DecisionTrees
DecisionTrees copied to clipboard
Major Refactor: Code Modernization, New Features, and Documentation
Hi Michael,
Thank you for creating this excellent educational repository for decision trees.
As I was working with the code, I made some updates to modernise it, improve its usability, and add proper documentation. I wanted to offer these changes back to the original project in case they are useful to you or to future learners who find this repo.
Here is a summary of the improvements:
Code Modernization & Refactoring:
- Refactored uniqueCounts, entropy, and gini to use the more efficient and Pythonic collections.Counter and math.log2.
- Added guard clauses to entropy and gini to prevent ZeroDivisionError.
- Improved overall code formatting, readability, and added docstrings to all major functions.
New Features & Usability:
- Command-Line Interface: Integrated argparse to allow users to select the dataset and criterion (gini/entropy) from the command line.
- Graphviz Plotting: Added a --plot option to generate a tree visualisation and save it to file (e.g. .png format).

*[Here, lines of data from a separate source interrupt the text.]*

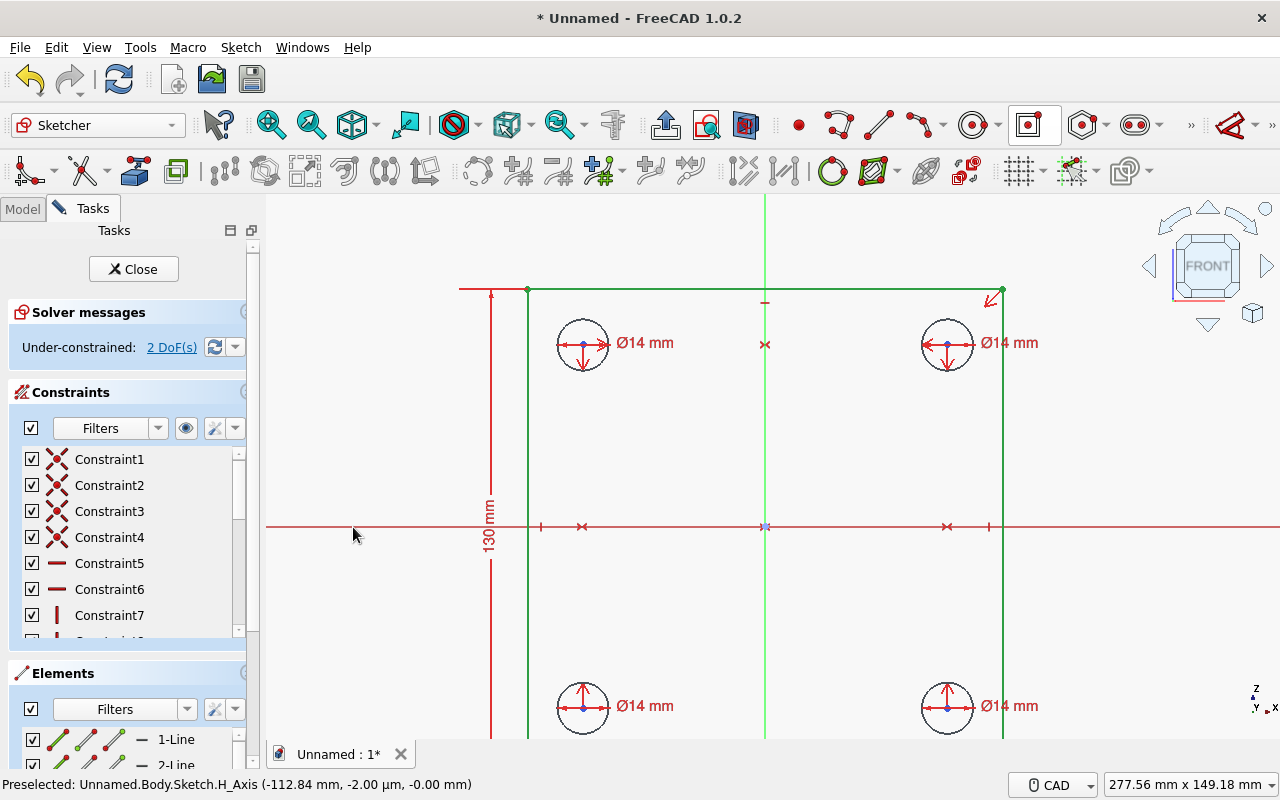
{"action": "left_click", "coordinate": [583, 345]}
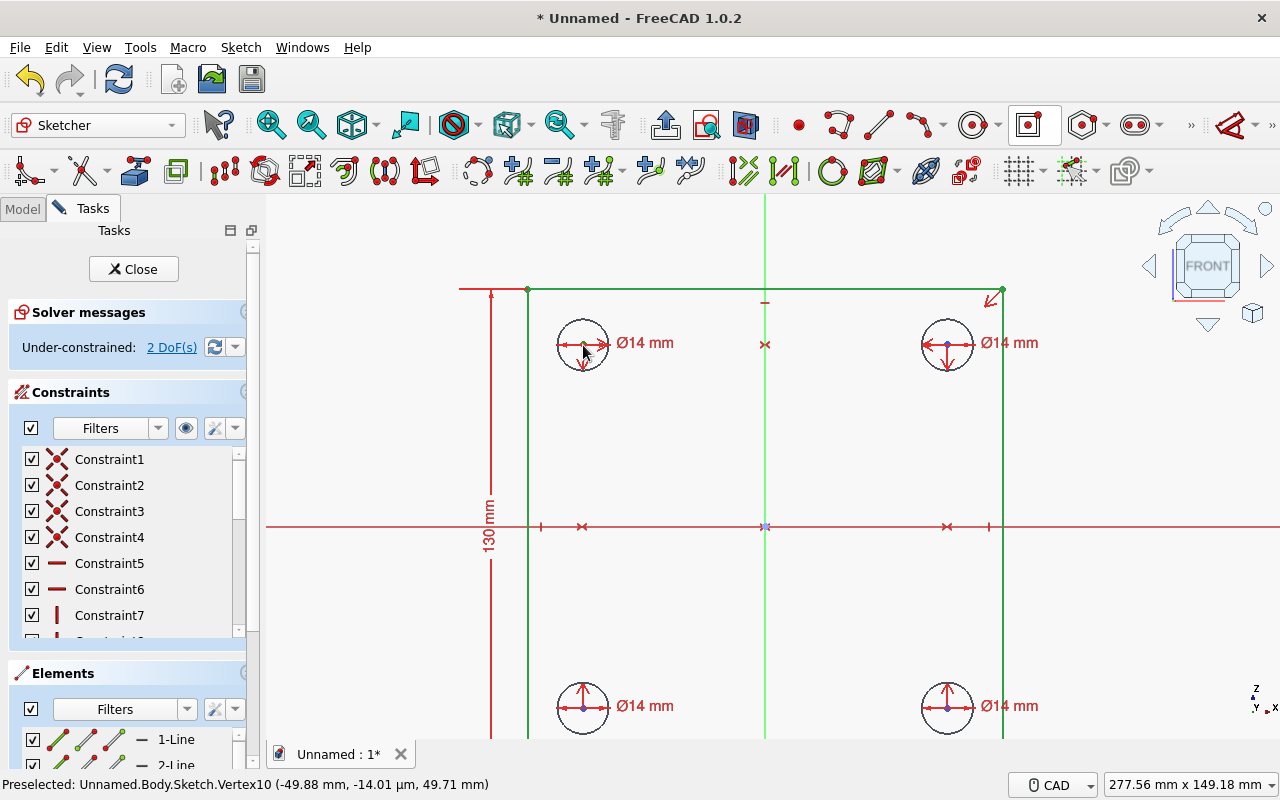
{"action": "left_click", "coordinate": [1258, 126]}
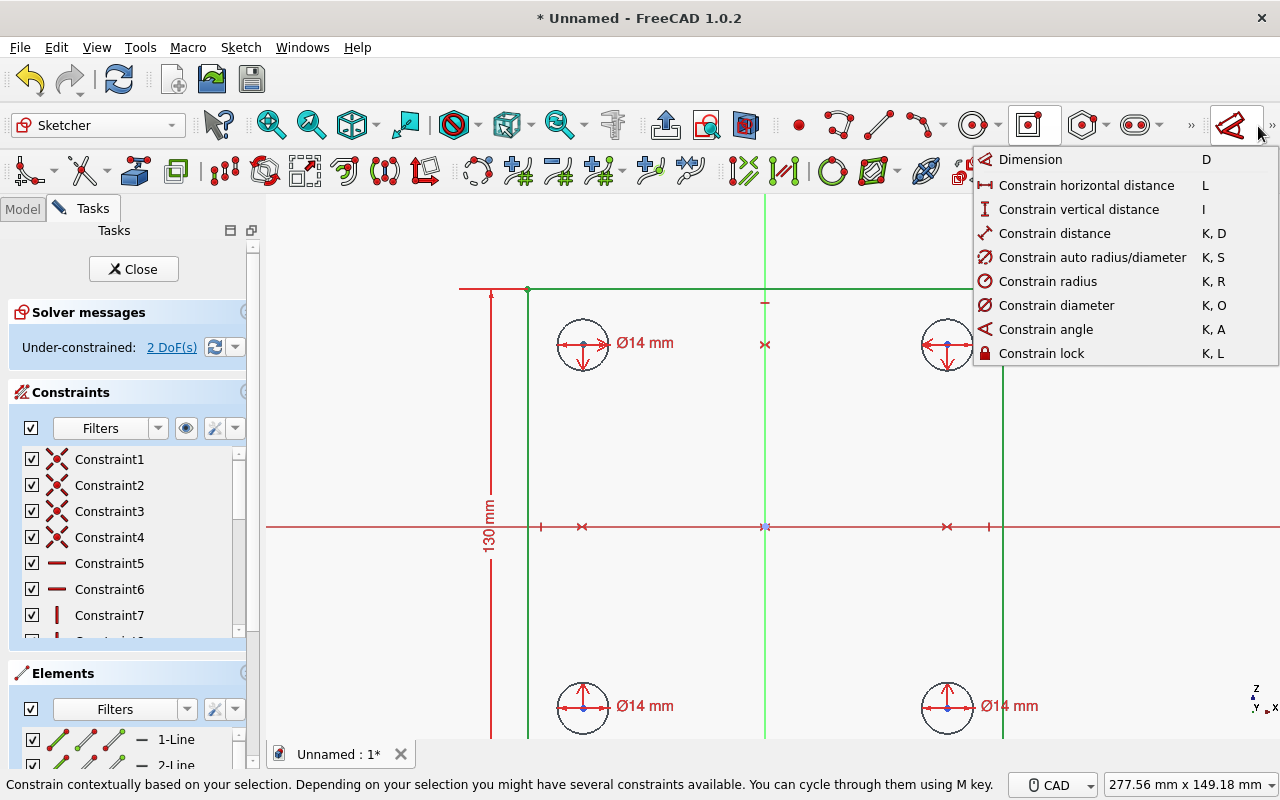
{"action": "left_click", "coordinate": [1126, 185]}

- Improved Classification Output: Created a dedicated function to print classification results in a clear, human-readable, and deterministic format.
Project Structure & Documentation:
- New README: Added a comprehensive README.md with instructions on prerequisites, installation, and usage.
- Better File Naming: Renamed the main script from implementation.py to decision_tree.py to follow standard Python conventions.
- Organized Directory Structure: Moved data files (.csv) into a data/ directory to separate code from data.
No pressure to merge this, as I know the project is not actively maintained, but I wanted to offer these improvements back. Thanks again for the great resource!